Find every line of the records that has "title" and return it.

-- Given information follows --

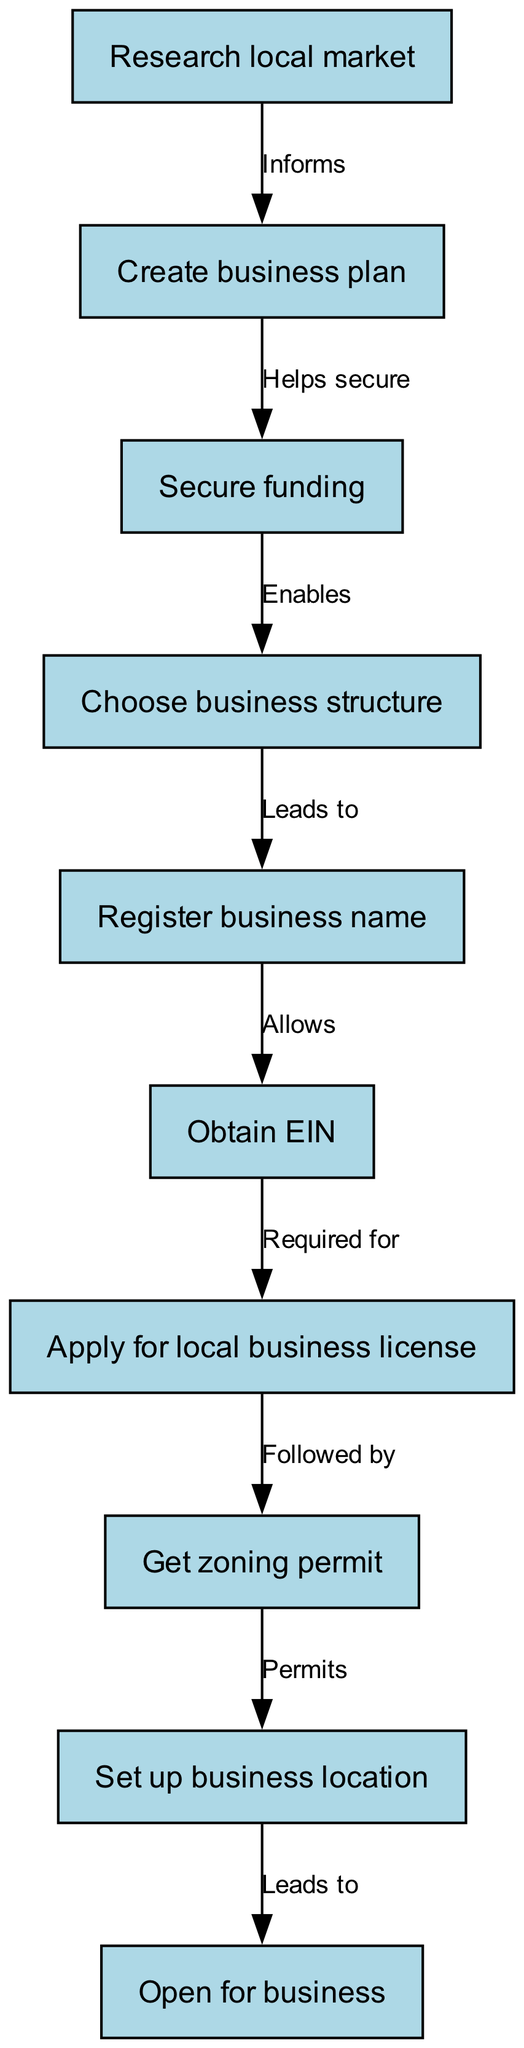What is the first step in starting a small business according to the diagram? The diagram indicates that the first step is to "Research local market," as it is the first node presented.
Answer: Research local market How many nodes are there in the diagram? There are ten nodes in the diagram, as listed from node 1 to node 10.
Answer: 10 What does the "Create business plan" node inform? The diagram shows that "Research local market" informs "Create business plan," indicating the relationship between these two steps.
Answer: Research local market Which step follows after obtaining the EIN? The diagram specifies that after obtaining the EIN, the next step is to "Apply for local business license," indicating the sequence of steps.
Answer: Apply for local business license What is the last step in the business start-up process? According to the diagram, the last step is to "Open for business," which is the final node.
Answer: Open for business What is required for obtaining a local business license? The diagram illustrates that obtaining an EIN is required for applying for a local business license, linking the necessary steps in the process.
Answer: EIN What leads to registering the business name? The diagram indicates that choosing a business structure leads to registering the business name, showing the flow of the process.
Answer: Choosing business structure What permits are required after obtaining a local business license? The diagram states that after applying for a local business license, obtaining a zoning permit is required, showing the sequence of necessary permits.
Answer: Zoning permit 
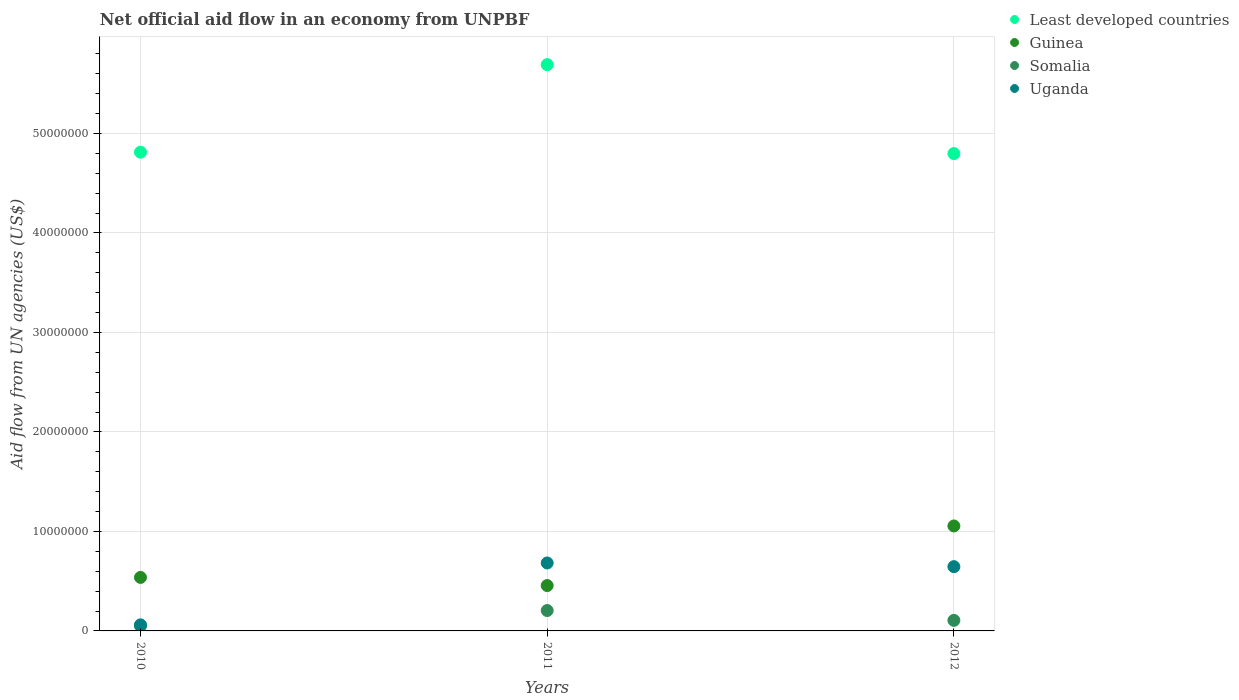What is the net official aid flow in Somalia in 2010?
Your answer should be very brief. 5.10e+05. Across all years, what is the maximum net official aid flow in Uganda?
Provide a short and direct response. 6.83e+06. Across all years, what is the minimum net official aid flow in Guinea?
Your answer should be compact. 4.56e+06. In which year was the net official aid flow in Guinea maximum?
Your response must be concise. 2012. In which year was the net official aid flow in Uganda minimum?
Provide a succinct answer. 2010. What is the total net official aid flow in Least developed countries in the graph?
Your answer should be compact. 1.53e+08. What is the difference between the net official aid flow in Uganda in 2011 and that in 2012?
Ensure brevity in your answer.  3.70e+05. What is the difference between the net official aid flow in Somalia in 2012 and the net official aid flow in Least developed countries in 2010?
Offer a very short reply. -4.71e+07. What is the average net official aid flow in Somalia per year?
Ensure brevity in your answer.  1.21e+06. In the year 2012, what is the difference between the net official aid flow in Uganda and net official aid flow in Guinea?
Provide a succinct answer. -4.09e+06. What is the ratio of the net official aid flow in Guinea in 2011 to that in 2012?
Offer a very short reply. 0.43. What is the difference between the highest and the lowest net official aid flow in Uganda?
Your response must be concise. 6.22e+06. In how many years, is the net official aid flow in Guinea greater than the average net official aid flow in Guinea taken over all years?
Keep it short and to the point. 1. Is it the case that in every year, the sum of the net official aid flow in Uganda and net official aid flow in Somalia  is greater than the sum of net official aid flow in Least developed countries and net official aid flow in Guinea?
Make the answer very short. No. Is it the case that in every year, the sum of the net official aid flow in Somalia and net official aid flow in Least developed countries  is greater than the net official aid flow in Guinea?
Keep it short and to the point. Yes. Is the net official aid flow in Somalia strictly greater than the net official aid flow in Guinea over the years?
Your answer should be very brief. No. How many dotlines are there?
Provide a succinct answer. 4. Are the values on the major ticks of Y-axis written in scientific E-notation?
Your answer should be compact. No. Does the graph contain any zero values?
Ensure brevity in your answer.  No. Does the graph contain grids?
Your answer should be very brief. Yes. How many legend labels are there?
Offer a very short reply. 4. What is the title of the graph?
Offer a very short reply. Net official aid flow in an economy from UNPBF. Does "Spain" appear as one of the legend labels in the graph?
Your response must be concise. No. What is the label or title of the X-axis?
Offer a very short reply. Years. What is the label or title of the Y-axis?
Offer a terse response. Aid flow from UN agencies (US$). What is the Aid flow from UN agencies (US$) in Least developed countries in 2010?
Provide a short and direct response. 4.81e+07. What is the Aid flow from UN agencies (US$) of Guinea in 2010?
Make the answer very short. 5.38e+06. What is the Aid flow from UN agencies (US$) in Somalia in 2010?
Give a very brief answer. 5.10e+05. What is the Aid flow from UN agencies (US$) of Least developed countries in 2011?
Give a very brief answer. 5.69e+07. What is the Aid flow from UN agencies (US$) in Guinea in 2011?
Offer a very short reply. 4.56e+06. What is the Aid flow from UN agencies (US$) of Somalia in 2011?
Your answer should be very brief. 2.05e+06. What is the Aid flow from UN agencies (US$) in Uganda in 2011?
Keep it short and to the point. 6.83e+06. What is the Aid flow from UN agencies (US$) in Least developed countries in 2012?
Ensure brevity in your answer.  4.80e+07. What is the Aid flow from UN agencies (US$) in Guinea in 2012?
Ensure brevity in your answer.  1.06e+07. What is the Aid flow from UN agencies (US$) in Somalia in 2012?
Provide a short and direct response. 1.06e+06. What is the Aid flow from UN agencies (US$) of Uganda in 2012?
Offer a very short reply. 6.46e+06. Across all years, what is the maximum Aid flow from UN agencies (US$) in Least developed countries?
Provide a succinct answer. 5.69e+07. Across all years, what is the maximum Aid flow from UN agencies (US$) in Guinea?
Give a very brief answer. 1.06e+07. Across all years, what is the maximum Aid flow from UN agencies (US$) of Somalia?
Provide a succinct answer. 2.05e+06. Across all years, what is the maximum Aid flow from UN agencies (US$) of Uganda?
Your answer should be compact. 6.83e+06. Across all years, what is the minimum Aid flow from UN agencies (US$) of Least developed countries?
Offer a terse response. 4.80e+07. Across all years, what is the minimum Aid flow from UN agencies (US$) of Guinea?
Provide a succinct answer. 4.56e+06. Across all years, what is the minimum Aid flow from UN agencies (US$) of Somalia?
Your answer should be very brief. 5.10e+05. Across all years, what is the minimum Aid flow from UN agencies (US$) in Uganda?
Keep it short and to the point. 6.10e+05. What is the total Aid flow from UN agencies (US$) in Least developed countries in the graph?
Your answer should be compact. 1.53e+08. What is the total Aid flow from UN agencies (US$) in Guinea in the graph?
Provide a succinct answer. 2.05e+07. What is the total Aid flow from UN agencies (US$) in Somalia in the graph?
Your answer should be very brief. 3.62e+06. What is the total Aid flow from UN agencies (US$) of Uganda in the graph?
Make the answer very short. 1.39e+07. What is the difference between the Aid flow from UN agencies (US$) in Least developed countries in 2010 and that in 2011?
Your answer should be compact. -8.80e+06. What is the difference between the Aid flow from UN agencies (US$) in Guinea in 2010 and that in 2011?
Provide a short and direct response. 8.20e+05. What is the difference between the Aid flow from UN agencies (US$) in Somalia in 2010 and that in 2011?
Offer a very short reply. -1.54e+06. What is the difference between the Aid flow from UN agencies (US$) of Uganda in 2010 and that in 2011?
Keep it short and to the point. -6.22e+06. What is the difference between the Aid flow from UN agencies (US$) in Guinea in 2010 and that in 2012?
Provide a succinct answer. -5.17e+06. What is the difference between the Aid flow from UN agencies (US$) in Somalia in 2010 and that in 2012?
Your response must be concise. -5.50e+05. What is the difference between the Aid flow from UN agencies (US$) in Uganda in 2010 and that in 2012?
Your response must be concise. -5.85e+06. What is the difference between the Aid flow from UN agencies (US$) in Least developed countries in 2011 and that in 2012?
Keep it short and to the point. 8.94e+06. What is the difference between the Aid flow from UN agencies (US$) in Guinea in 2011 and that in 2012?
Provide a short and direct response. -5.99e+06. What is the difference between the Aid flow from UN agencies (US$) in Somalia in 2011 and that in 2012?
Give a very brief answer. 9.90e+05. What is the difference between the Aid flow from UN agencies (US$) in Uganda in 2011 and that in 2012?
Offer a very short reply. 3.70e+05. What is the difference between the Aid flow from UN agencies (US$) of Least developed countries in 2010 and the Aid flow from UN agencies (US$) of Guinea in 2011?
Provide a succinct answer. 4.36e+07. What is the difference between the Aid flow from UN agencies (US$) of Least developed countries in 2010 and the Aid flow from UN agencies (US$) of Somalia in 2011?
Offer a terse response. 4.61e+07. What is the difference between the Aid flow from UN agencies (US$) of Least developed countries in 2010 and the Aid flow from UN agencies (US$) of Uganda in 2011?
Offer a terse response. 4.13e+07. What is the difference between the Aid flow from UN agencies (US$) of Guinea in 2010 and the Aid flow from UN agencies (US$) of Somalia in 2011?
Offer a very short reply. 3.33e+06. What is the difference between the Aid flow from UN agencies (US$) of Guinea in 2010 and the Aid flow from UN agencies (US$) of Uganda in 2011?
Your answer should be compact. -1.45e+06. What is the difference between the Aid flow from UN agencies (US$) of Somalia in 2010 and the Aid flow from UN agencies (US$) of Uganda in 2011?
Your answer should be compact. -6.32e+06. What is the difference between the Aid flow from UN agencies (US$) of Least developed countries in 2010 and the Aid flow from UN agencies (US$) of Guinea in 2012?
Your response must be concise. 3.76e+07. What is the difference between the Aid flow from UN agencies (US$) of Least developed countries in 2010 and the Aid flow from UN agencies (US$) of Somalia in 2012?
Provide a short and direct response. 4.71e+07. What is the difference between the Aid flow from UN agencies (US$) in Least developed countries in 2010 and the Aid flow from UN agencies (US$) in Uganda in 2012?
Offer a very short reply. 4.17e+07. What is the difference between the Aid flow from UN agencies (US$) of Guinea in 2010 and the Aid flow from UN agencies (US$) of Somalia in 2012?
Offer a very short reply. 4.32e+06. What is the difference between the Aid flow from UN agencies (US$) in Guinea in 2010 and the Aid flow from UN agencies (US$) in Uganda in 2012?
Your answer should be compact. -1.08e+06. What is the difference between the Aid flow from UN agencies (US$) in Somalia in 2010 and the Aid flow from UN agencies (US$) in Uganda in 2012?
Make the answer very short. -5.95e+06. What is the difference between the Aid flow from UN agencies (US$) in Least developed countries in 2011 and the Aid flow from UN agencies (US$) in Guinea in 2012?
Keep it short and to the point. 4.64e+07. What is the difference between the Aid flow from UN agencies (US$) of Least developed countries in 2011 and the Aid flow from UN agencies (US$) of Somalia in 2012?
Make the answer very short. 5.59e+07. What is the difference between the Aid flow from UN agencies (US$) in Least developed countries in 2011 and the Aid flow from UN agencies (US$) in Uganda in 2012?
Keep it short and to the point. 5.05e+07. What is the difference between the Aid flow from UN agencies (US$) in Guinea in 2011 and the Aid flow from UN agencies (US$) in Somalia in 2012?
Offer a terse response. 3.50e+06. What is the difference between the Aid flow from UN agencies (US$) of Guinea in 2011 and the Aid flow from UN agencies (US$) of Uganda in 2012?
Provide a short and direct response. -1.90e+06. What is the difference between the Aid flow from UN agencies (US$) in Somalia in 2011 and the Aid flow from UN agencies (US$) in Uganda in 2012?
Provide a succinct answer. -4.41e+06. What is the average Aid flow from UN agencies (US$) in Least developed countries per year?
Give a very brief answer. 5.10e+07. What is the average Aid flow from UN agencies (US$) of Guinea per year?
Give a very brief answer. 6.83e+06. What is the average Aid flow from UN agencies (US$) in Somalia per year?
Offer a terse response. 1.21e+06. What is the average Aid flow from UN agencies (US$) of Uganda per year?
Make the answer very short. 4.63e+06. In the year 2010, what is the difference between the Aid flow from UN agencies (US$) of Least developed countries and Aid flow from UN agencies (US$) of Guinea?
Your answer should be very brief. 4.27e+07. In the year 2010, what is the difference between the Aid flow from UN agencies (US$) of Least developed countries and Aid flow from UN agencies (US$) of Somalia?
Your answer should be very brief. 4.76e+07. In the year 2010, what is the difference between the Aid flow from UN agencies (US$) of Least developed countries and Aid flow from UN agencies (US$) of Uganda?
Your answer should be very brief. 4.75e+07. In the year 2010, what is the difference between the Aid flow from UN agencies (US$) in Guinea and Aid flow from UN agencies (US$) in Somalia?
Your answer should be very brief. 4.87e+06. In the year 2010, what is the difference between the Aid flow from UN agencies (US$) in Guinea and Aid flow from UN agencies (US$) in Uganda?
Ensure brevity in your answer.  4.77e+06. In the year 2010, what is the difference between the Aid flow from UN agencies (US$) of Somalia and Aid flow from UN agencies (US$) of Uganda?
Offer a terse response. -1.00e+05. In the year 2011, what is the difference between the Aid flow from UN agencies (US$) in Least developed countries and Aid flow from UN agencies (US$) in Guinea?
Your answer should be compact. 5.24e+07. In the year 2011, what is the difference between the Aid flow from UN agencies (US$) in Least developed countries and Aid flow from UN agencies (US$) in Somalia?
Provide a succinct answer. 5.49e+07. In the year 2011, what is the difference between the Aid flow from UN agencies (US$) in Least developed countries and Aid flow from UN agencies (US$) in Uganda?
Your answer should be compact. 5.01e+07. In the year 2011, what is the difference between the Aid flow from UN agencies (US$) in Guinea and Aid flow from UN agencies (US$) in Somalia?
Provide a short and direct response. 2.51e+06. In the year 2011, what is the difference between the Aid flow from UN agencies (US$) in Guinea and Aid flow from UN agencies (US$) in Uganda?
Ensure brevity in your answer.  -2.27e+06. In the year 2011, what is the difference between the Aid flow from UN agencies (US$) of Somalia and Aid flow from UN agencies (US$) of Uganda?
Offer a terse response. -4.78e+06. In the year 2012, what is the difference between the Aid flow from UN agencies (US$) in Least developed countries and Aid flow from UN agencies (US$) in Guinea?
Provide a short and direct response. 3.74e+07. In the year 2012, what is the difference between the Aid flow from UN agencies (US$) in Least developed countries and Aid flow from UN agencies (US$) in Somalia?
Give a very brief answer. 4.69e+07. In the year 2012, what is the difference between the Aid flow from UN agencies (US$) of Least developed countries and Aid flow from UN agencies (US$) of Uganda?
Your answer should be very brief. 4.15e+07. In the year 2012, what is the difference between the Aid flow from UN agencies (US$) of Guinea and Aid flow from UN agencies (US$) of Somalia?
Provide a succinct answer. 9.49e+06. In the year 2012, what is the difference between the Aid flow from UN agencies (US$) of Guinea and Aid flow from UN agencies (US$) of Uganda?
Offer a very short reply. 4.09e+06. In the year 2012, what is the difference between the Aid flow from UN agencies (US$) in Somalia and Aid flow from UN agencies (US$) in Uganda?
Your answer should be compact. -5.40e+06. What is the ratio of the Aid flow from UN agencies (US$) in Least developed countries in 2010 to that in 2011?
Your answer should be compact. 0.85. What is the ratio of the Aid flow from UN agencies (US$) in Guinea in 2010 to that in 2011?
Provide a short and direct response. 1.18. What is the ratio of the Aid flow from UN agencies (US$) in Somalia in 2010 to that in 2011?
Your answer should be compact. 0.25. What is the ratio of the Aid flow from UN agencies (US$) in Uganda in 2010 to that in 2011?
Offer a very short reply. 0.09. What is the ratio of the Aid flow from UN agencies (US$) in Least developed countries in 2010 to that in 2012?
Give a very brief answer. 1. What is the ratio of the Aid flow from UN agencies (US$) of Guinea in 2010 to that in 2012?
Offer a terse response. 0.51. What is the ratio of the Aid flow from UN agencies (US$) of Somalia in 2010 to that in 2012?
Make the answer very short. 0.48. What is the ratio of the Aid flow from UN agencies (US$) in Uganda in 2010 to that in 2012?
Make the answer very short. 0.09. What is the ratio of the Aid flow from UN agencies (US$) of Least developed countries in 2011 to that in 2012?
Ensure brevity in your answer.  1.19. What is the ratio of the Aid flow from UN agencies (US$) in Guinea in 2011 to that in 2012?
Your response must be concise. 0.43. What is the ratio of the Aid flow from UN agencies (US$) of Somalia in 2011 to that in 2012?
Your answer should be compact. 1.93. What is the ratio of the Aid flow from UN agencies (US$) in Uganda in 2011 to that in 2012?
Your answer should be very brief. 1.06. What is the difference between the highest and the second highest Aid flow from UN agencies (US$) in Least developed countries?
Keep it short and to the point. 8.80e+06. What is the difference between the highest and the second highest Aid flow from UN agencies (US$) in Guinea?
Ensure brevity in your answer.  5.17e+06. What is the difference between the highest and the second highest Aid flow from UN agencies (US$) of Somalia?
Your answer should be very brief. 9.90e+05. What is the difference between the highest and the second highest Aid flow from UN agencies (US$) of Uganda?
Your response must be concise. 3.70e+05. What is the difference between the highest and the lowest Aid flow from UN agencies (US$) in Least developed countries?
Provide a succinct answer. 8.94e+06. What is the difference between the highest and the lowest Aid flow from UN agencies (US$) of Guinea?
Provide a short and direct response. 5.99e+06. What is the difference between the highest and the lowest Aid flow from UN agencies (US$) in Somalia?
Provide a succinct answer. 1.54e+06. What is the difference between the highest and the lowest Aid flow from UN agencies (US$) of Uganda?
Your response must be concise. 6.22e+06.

-- Given information concluded --

*Response to the task:*
Offer a very short reply. 4. What is the title of the graph?
Your response must be concise. No. What is the label or title of the X-axis?
Offer a very short reply. Years. What is the label or title of the Y-axis?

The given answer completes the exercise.